This summary of a Cochrane review presents what we know from research about the effect of Leflunomide on rheumatoid arthritis. The review shows that in people with rheumatoid arthritis:
- Leflunomide probably improves pain.
-Leflunomide improves number of tender or swollen joints and other outcomes such as pain and disability.
- Leflunomide causes side effects such as diarrhea, upset stomach, elevated liver function tests, and allergic reactions. We often do not have precise information about side effects and complications. This is particularly true for rare but serious side effects.
What is rheumatoid arthritis and what is Leflunomide?
When you have rheumatoid arthritis, your immune system, which normally fights infection, becomes over-active and attacks the lining of your joints. This makes your joints swollen, stiff and painful. The small joints of your hands and feet are usually affected first. There is no cure for rheumatoid arthritis at present, so the treatments aim to relieve pain and stiffness and improve your ability to move.
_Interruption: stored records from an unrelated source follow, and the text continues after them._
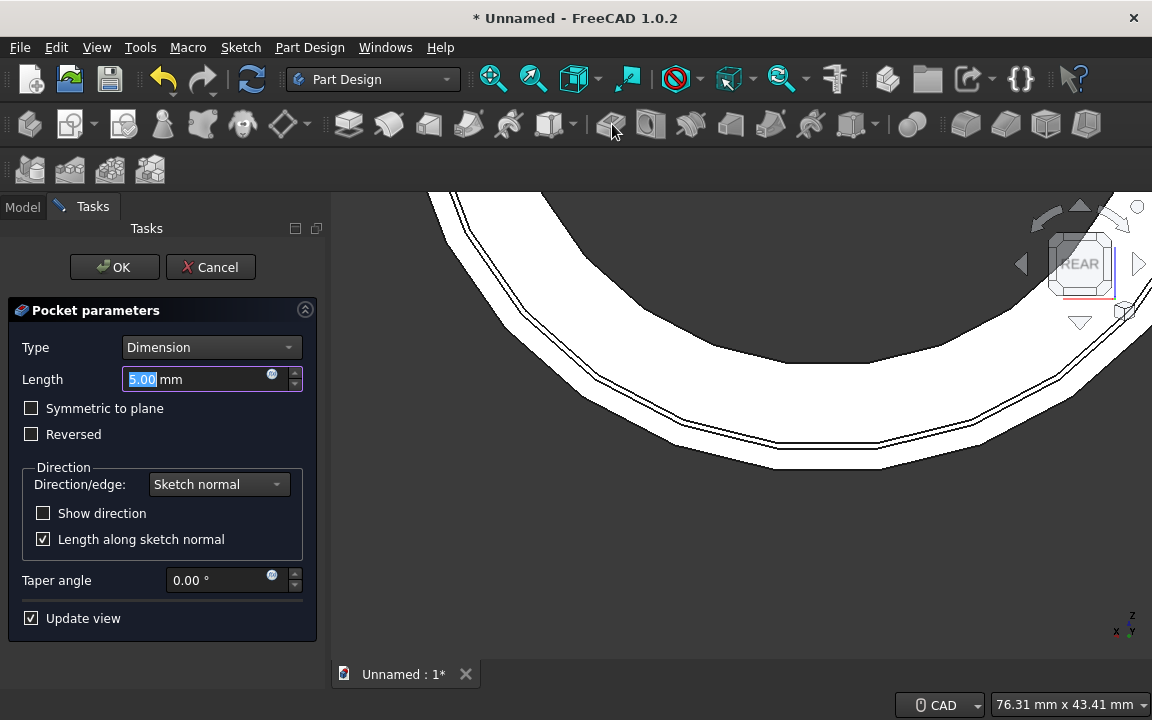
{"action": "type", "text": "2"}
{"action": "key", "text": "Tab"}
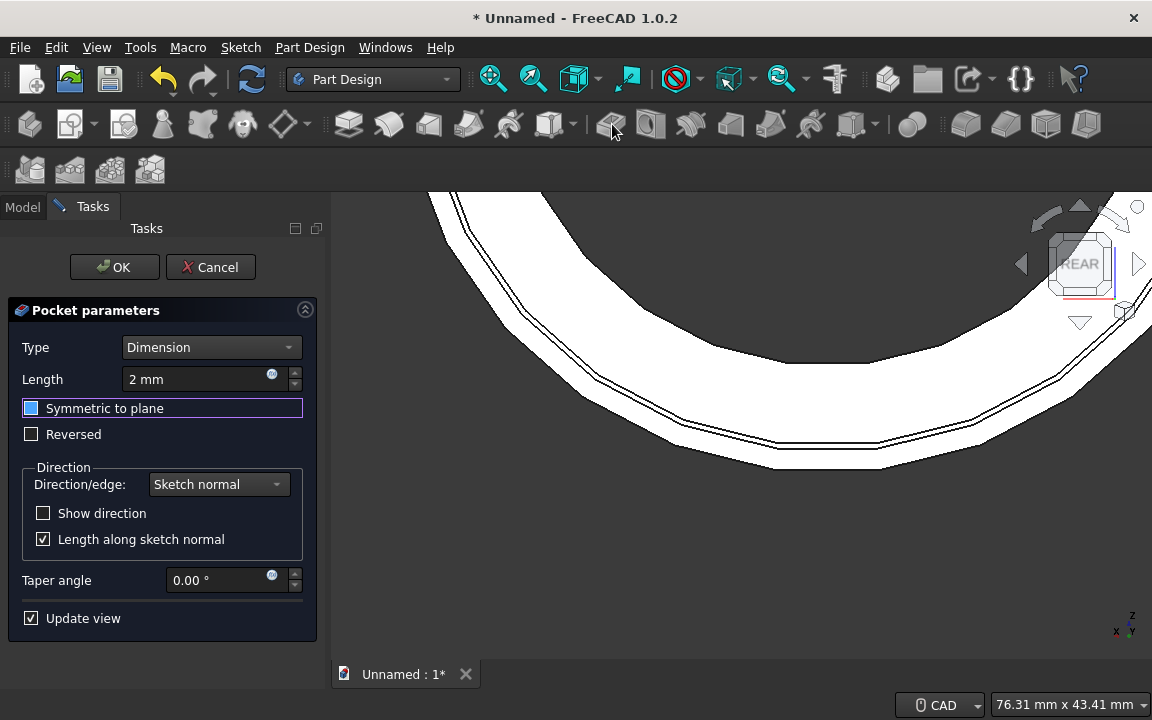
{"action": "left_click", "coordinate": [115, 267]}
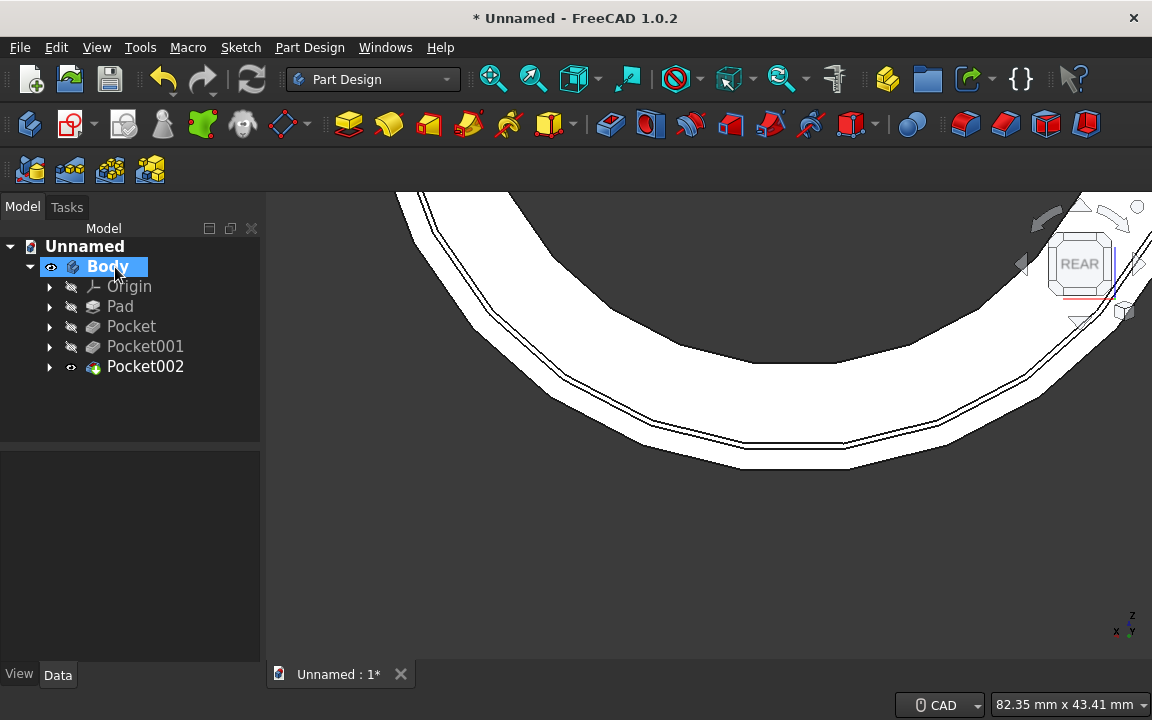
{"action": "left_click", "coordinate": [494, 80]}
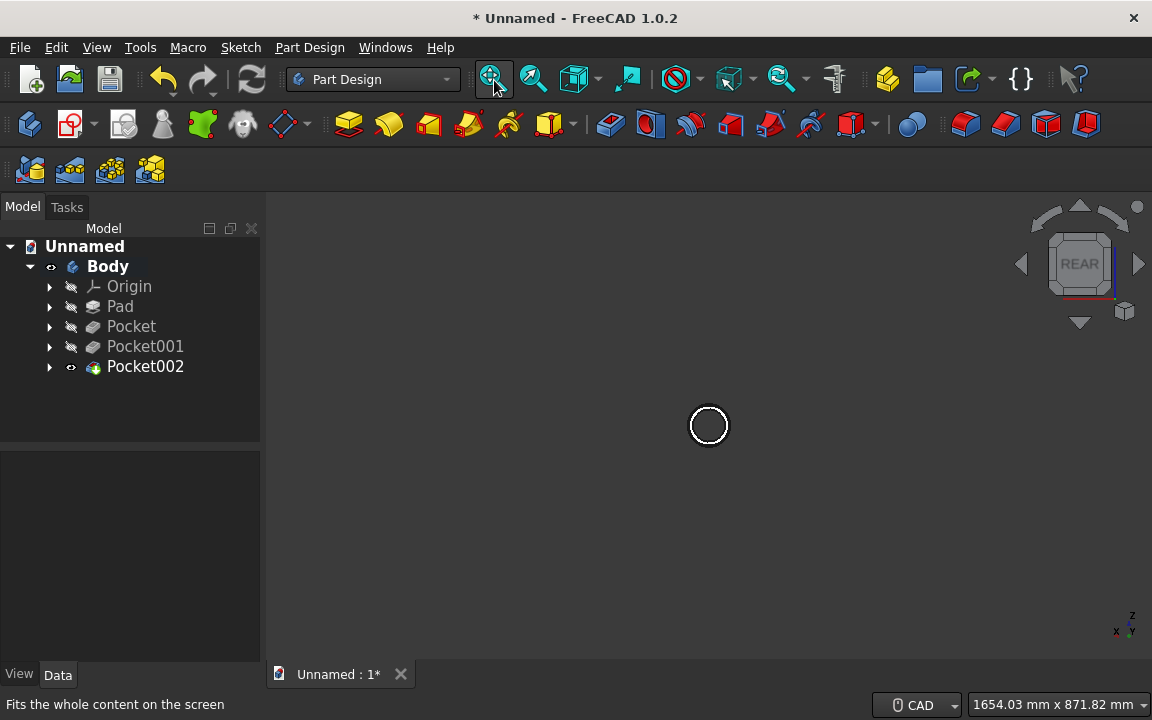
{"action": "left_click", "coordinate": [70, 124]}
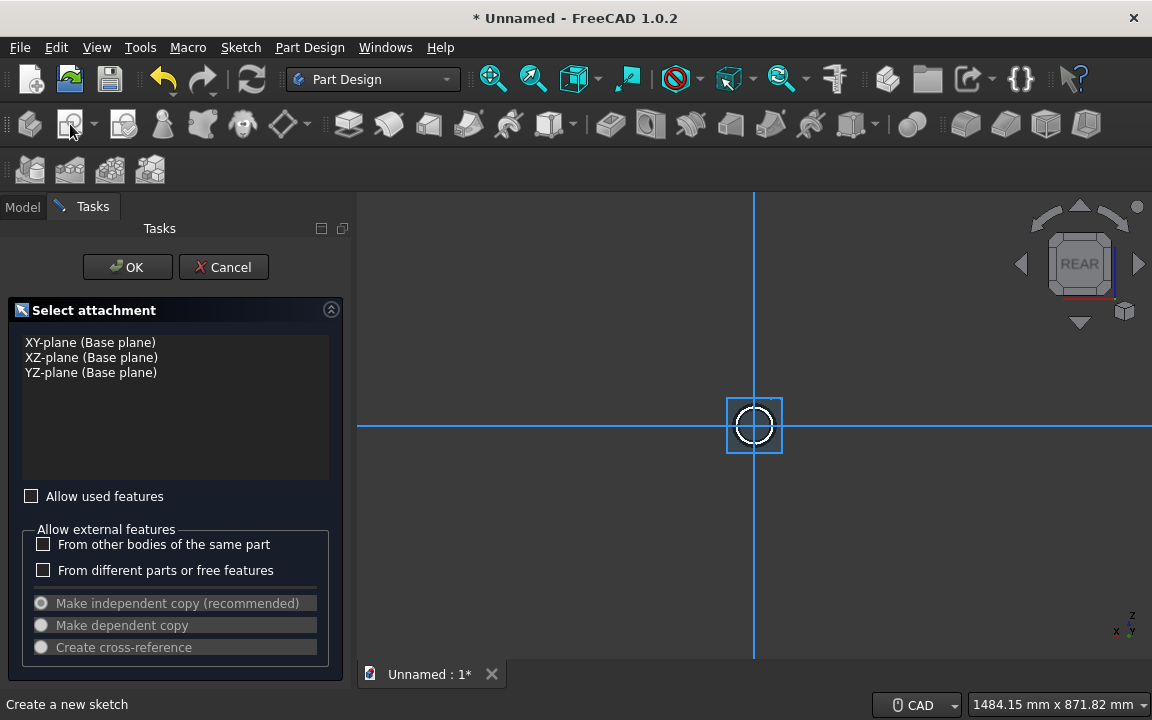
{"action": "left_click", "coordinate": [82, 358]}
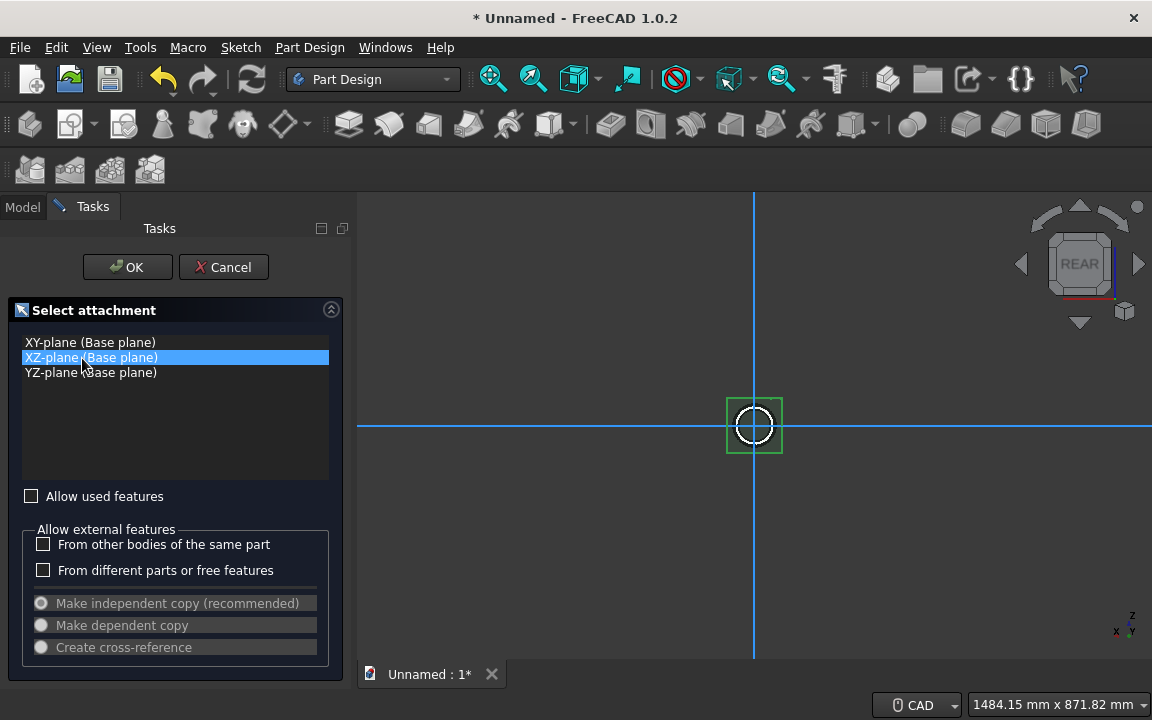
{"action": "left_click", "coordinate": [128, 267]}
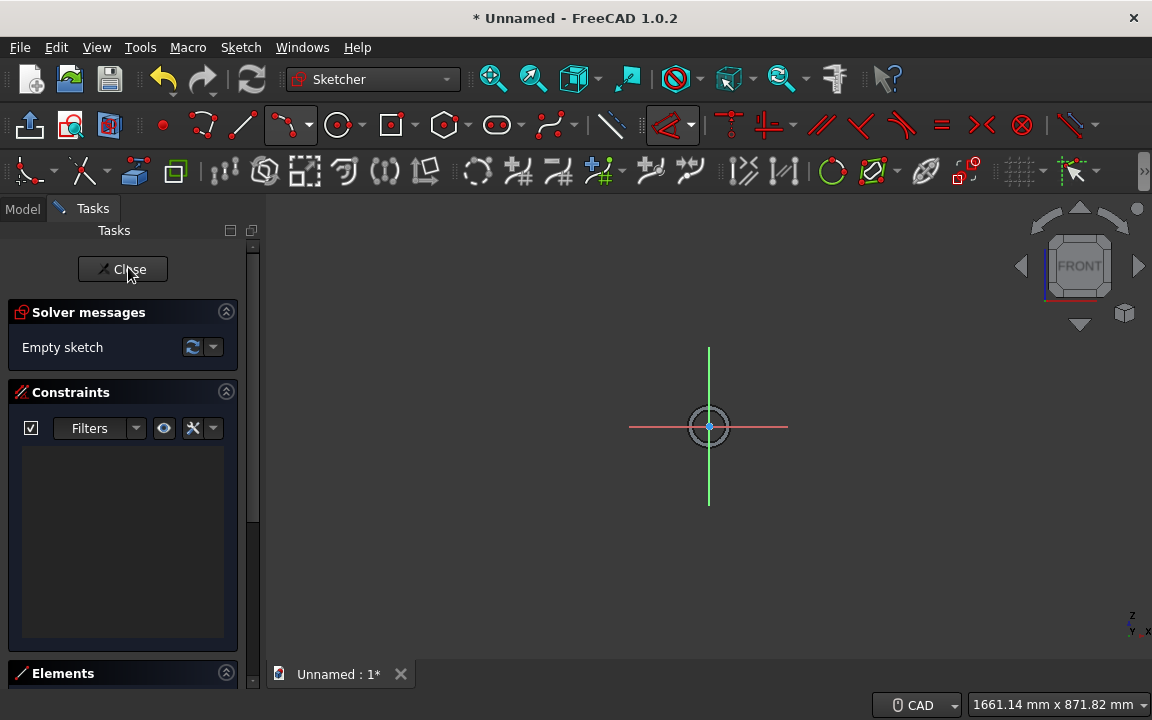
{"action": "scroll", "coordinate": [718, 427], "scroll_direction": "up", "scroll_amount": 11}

Leflunomide is a disease-modifying antirheumatic drug (DMARD). It works by stabilizing the over-active cells in the immune system that cause inflammation in the joints. Reducing the inflammation can prevent damage to the joints. Leflunomide is taken in pill form. It costs more than other DMARDs, so doctors usually prescribe it if other DMARDs haven’t worked well.
Best estimate of what happens to people with rheumatoid arthritis who take Leflunomide after 6 months:
Pain (higher scores mean worse or more severe pain)
- People who took Leflunomide rated their pain to be10 points lower on a scale of 0 to 100 with Leflunomide (10% absolute improvement). This may be due to chance.
- People who took Leflunomide rated their pain to be about 14 points lower on a scale of 0 to 100.
- People who took a placebo rated their pain to be about 4 points lower on a scale of 0 to 100.
ACR 50 (number of tender or swollen joints and other outcomes such as pain and disability).
- 19 people out of 100 who took a placebo experienced improvement. (19% absolute improvement)
- 33 more people out of 100 experienced improvement in the symptoms of their rheumatoid arthritis with Leflunomide
- 14 people out of 100 experienced improvement in the symptoms of their rheumatoid arthritis with a placebo.
- 10 more people who took Leflunomide dropped out from the trial because of side effects. (10% absolute difference)
- 16 people out of 100 who took Leflunomide dropped out from the trial because of side effects
- 6 people out of 100 who used a placebo dropped out from the trial because of side effects.
Leflunomide appears to improve all clinical outcomes and delay radiologic progression at both six and 12 months of treatment compared to placebo. Its efficacy and adverse events are comparable to MTX, SSZ, and cyclosporin A up to two years of treatment. Combined leflunomide and MTX was more efficacious than MTX alone up to three years of treatment and the adverse events did not increase. Different dosages of leflunomide were similar regarding their effectiveness and toxicity.
Rheumatoid arthritis (RA) is a chronic inflammatory joint disease. Leflunomide is one of the more recent oral agents, classified as a disease-modifying antirheumatic drug (DMARD). It has a different mechanism of action than other existing DMARDs.
To determine the efficacy and toxicity of leflunomide (monotherapy or combined with another DMARD) compared to placebo or other DMARDs in the treatment of RA.
We searched the Cochrane Central Register of Controlled Trials (CENTRAL) (The Cochrane Library), MEDLINE, EMBASE, and Current Contents for trials (to June 2008). We also handsearched reference lists and consulted content experts.
Two independent authors selected the trials that met predetermined inclusion criteria.
Two authors independently extracted data and assessed methodologic quality using standardized forms.
Thirty-three trials were included, compared with six trials in the first review. The trials compared the efficacy and safety of leflunomide monotherapy with placebo or another DMARD; leflunomide combined with another DMARD (biologic or non-biologic) with DMARD monotherapy; and for different dosages of leflunomide. The ACR20 improvement criteria, demonstrated a 28% absolute difference in improvement in favour of leflunomide compared to placebo. There was no difference in ACR20 response rate between patients treated with leflunomide and sulfasalazine (SSZ) or methotrexate (MTX), at six and 12 months. Other clinical and radiological outcomes were improved significantly in the leflunomide group compared to placebo but were not different from SSZ or MTX. The efficacy of leflunomide combined with MTX was superior to MTX alone. On the other hand, leflunomide plus SSZ was not better than SSZ alone. Half-dose or weekly administration of leflunomide was shown to be as efficacious as regular doses (20 mg/day).
Withdrawals due to adverse events were 10% greater with leflunomide than placebo. Important adverse events included gastrointestinal symptoms, elevated liver function tests, alopecia, allergic reactions and rashes, and infections. Overall, adverse events and withdrawals with leflunomide monotherapy were not significantly different from SSZ or MTX. However, adverse events were reported more frequently in leflunomide plus MTX than with MTX but withdrawal rates were not significantly different.